21:55 Thijsc has quit [Quit: My MacBook has gone to sleep. ZZZzzz…]

21:56 elia has quit [Ping timeout: 245 seconds]

21:56 <headius> yorickpeterse: it would

21:56 <headius> but at least the underlying byte[] would be shared across those instances

21:59 _elia has quit [Ping timeout: 245 seconds]

22:31 <yorickpeterse> brixen: in Rbx, do we allocate a new string when calling String#gsub! ?

22:32 <yorickpeterse> That is, is it basically `new_str = dup.gsub(....); replace(new_str)`, or does it truly modify the current string in-place?

22:32 <yorickpeterse> hm, I think I can actually test that!
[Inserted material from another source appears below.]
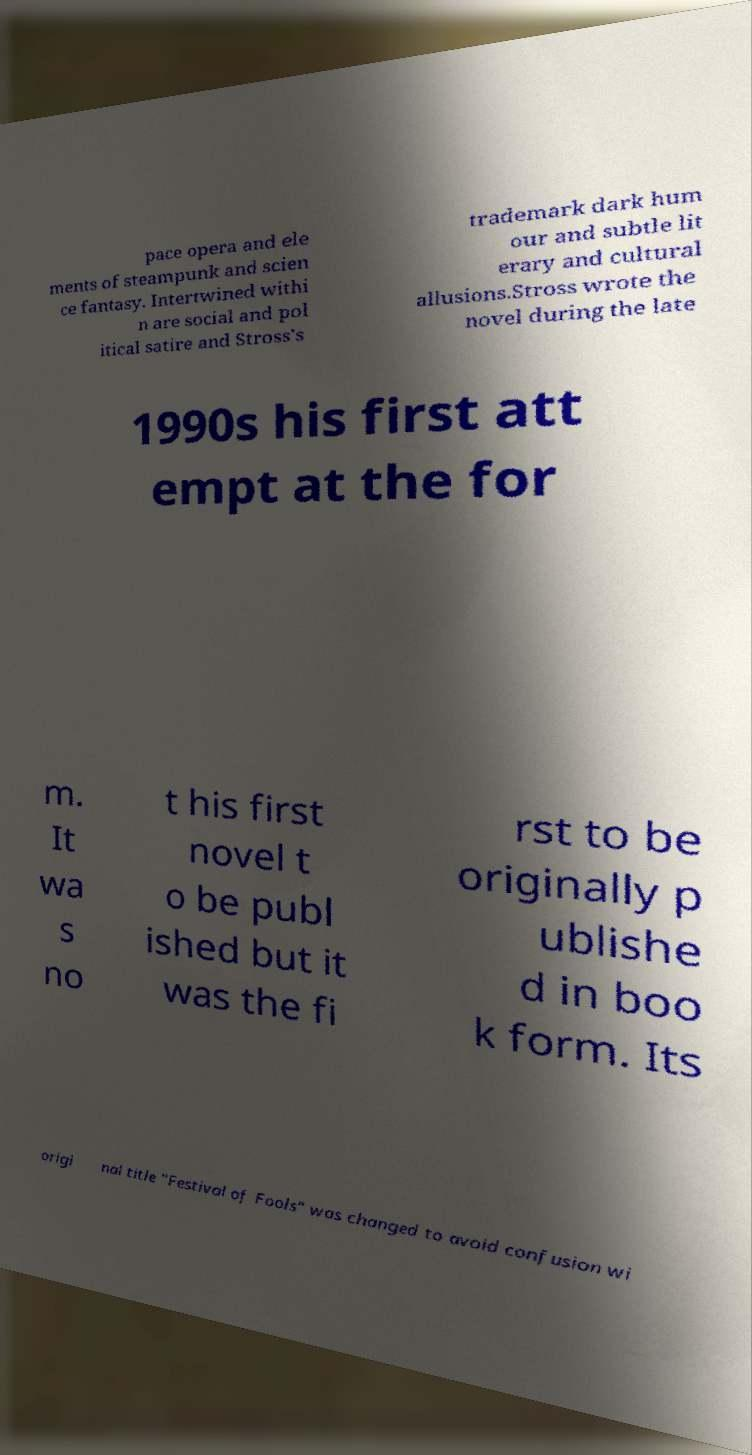Can you read and provide the text displayed in the image?This photo seems to have some interesting text. Can you extract and type it out for me? pace opera and ele ments of steampunk and scien ce fantasy. Intertwined withi n are social and pol itical satire and Stross's trademark dark hum our and subtle lit erary and cultural allusions.Stross wrote the novel during the late 1990s his first att empt at the for m. It wa s no t his first novel t o be publ ished but it was the fi rst to be originally p ublishe d in boo k form. Its origi nal title "Festival of Fools" was changed to avoid confusion wi 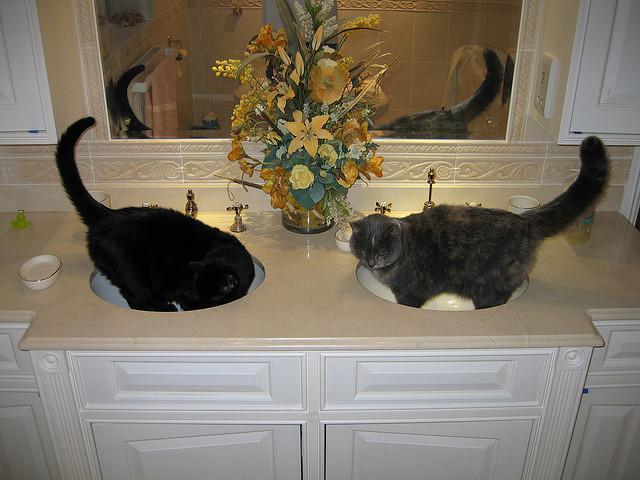How many animals are there?
Give a very brief answer. 2. How many cats are in the photo?
Give a very brief answer. 2.

22:37 <yorickpeterse> oh, string literals seem to bypass String#initialize in rbx

22:37 <yorickpeterse> wtf

22:46 <yorickpeterse> bah, I just want to measure how many Strings are created, this is stupid difficult in both MRI and Rbx

22:46 <yorickpeterse> MRI has TracePoint but lol of course that doesn't work when creating strings

22:47 <yorickpeterse> and Rbx just bypasses String#new for literals :/

22:47 <yorickpeterse> (╯°□°)╯︵ ┻━┻

22:49 <headius> you should be able to get a count on JRuby by passing flag -J-Xrunhprof:depth=0

22:50 <headius> that enables JVM-level object profiling... depth=0 makes it not accumulate allocation backtraces to speed up the data gathering

22:50 <headius> it should be pretty similar across impls if we have mostly the same logic

22:51 <yorickpeterse> headius: I also need this on MRI and Rbx though, I need to see if String#gsub! allocates more than I want there

22:51 <yorickpeterse> hmpf, object allocation tracking doesn't appear to work either

22:52 <headius> yeah, I don't know how different it will be between jruby and MRI since we largely have the same logic

22:54 <yorickpeterse> meh, I need to dig in to this when I'm actually awake. Toodles

22:55 <yorickpeterse> oh derp that's right, allocation tracking also requires a compile time flag

22:55 <yorickpeterse> ugh

22:55 <yorickpeterse> see, I need sleep, laters

22:56 elia has joined #rubinius

22:56 |jemc| has quit [Read error: Connection reset by peer]

23:01 elia has quit [Quit: Computer has gone to sleep.]

23:03 josh-k has joined #rubinius

23:08 josh-k has quit [Ping timeout: 250 seconds]

23:17 diegoviola has joined #rubinius

23:35 elia has joined #rubinius

23:42 josh-k has joined #rubinius

23:51 elia has quit [Quit: Computer has gone to sleep.]